Percona XtraDB Cluster moved to https://jira.percona.com/projects/PXC

WSREP: unserialize error invalid flags 2: 71 (Protocol error)

Bug #1264225 reported by ceejayoz on 2013-12-26

This bug affects 1 person

Affects		Status	Importance	Assigned to	Milestone
	Percona XtraDB Cluster moved to https://jira.percona.com/projects/PXC	Invalid	Undecided	Unassigned

Bug Description

I'm getting what appears to be a repeat of https://bugs.launchpad.net/galera/+bug/1153727 in the latest XtraDB Cluster 5.5.34-25.9.
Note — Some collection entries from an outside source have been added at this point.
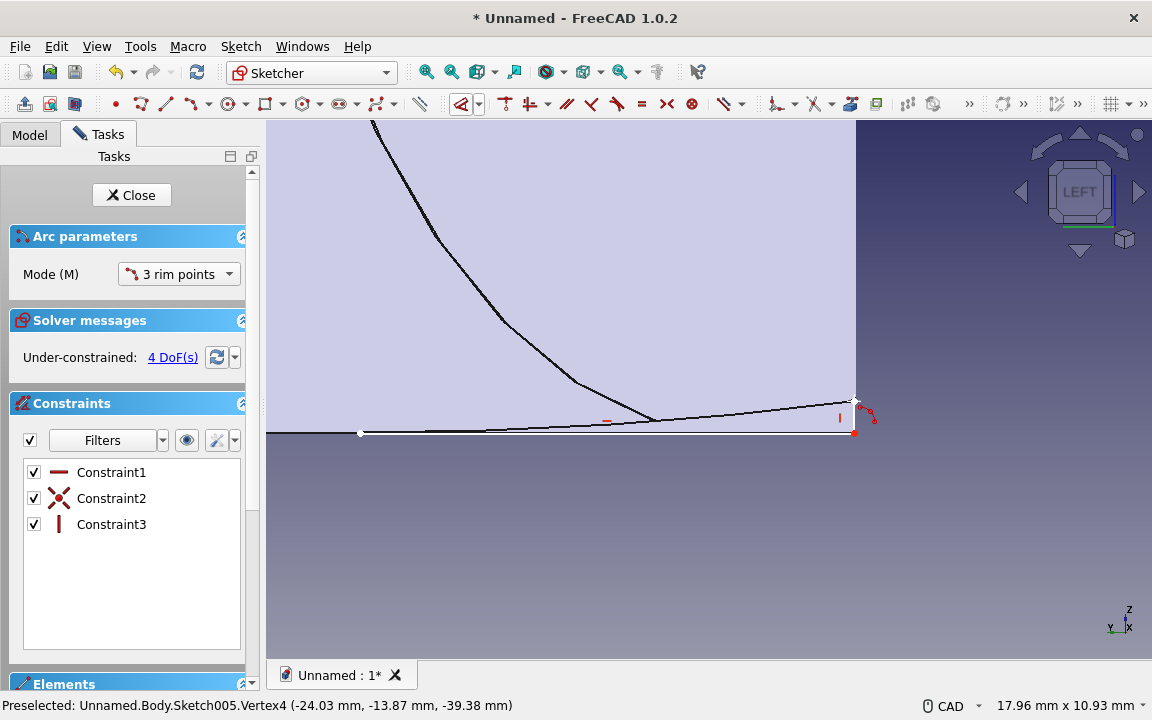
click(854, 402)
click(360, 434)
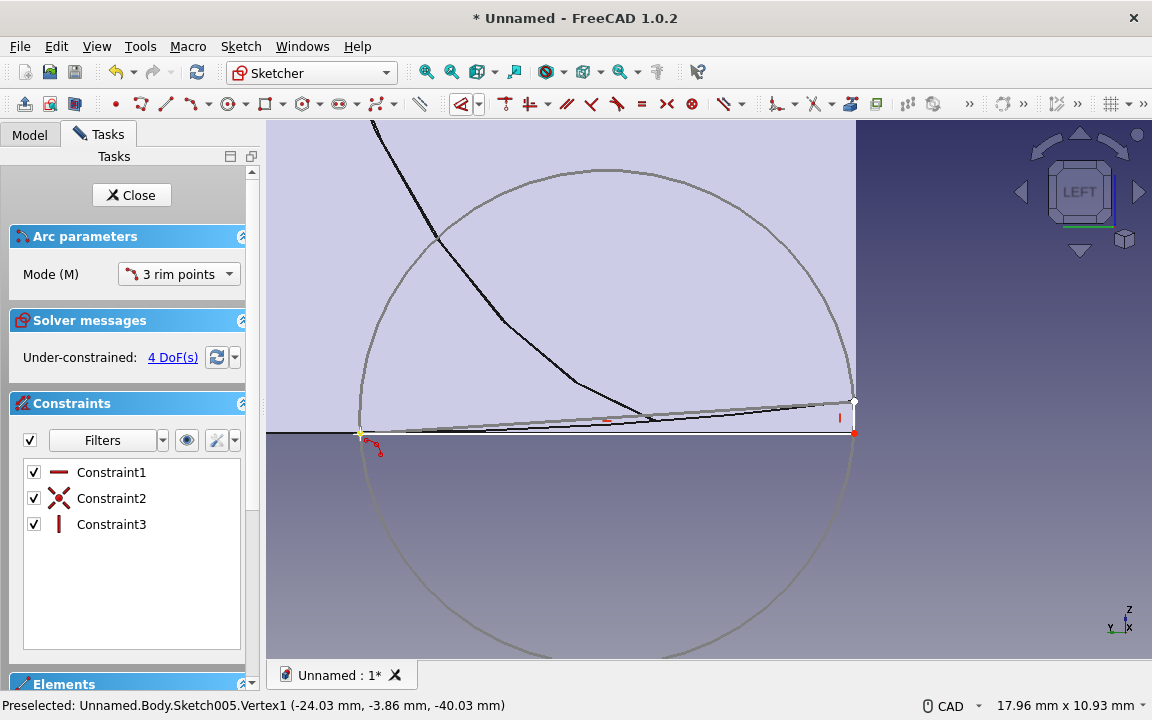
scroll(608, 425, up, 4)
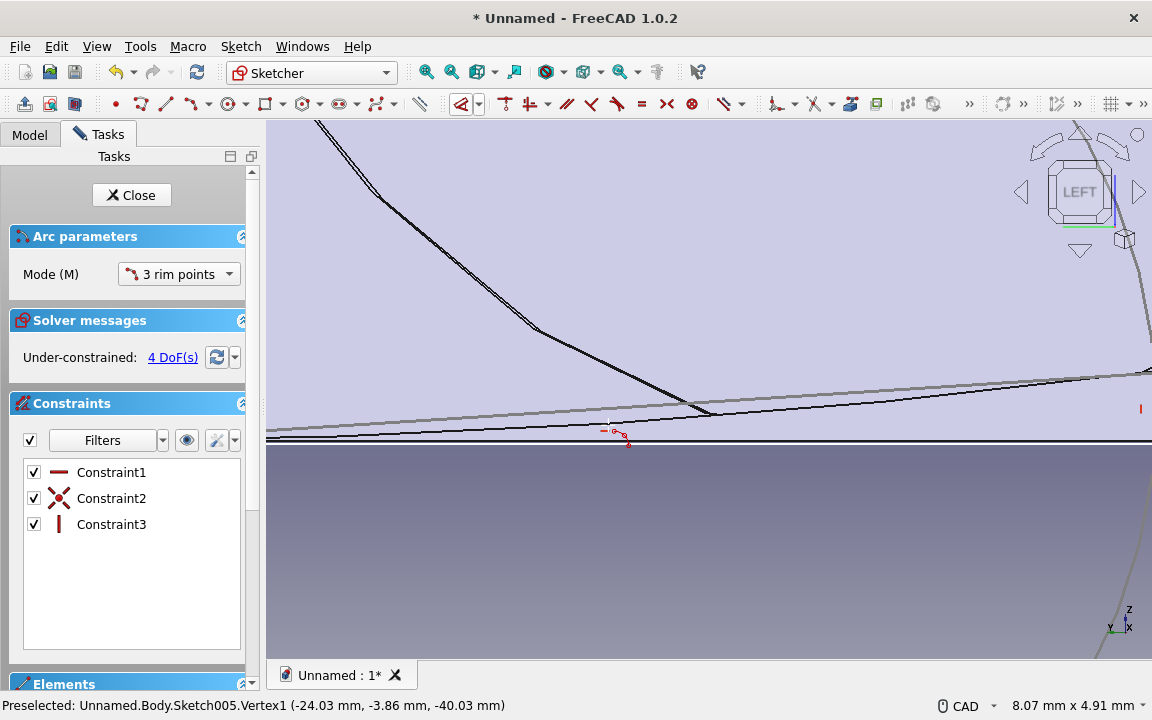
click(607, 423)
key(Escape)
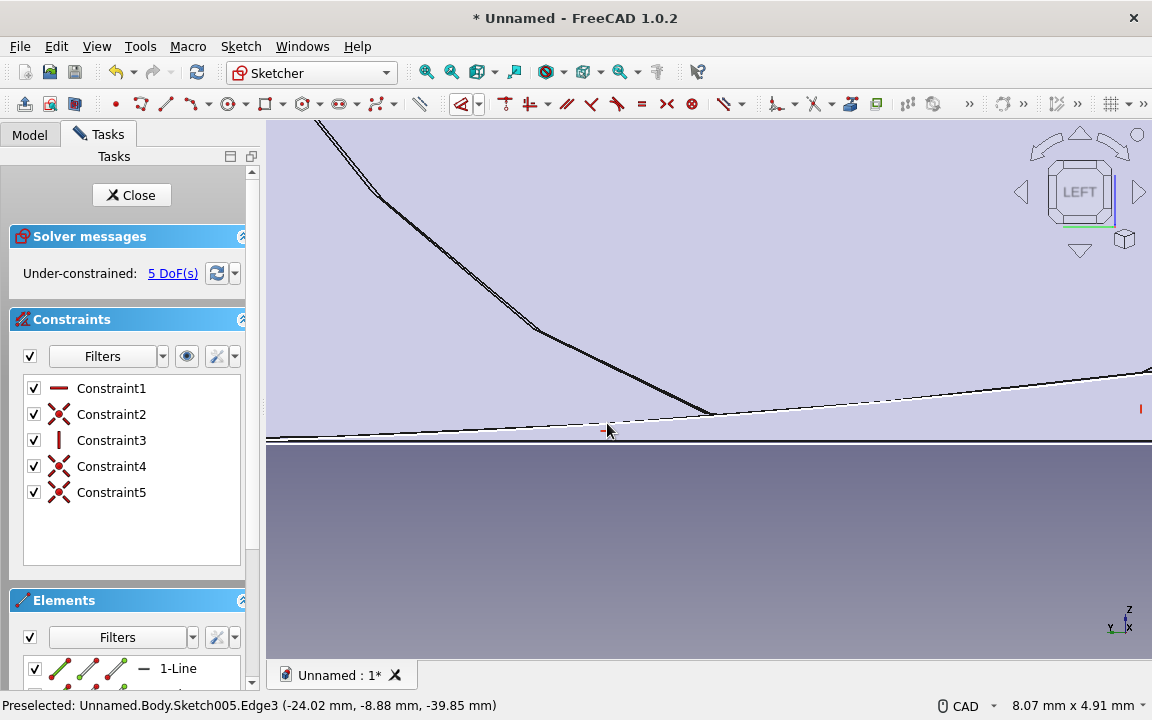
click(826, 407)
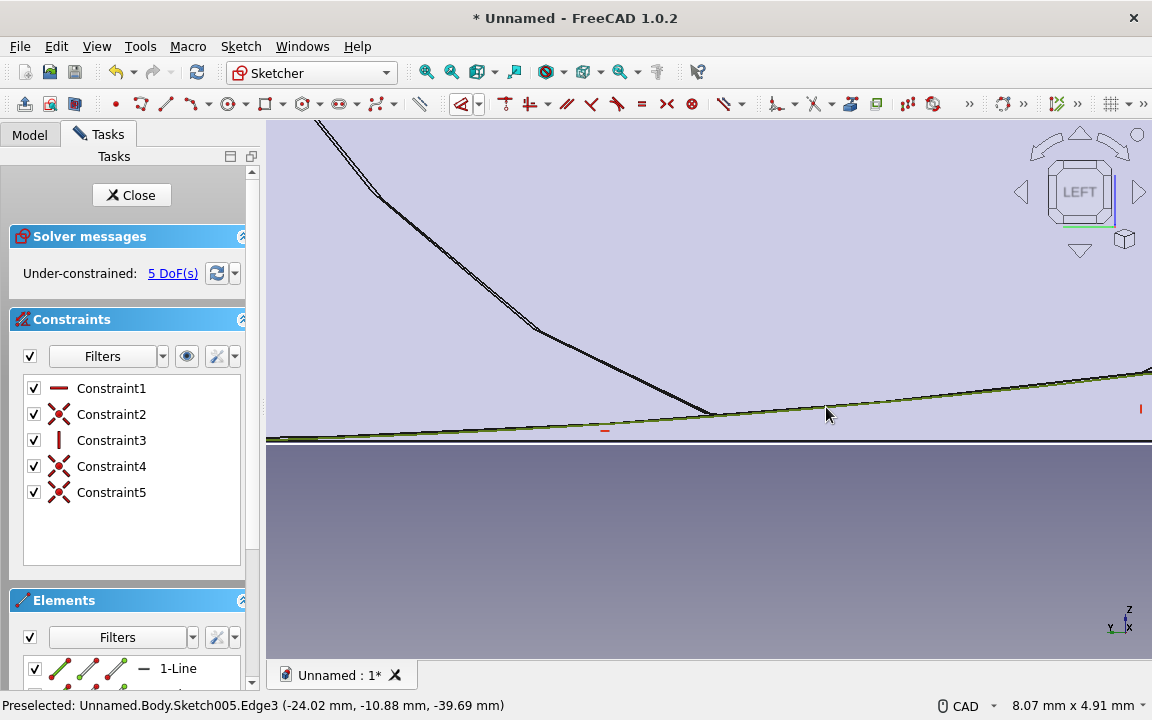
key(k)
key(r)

I have a four node Percona XtraDB cluster. Each night, one node shuts down for a backup and subsequently rejoins the cluster. This has run fine for quite some time now.

Last night, the backup node refused to rejoin the cluster. The other three nodes are humming along nicely, but any attempt to join the failed node is unsuccessful.

Luckily, we provision all of our nodes using Ansible, so we've got a repeatable recipe for blowing away a failed node and replacing it with a brand new, from scratch database node.

<strong>Un</strong>luckily, new nodes also fail. No changes to the Ansible scripts have been made recently and we've successfully launched instances since. This is all running on a two-AZ VPC in Amazon AWS, if that makes any difference.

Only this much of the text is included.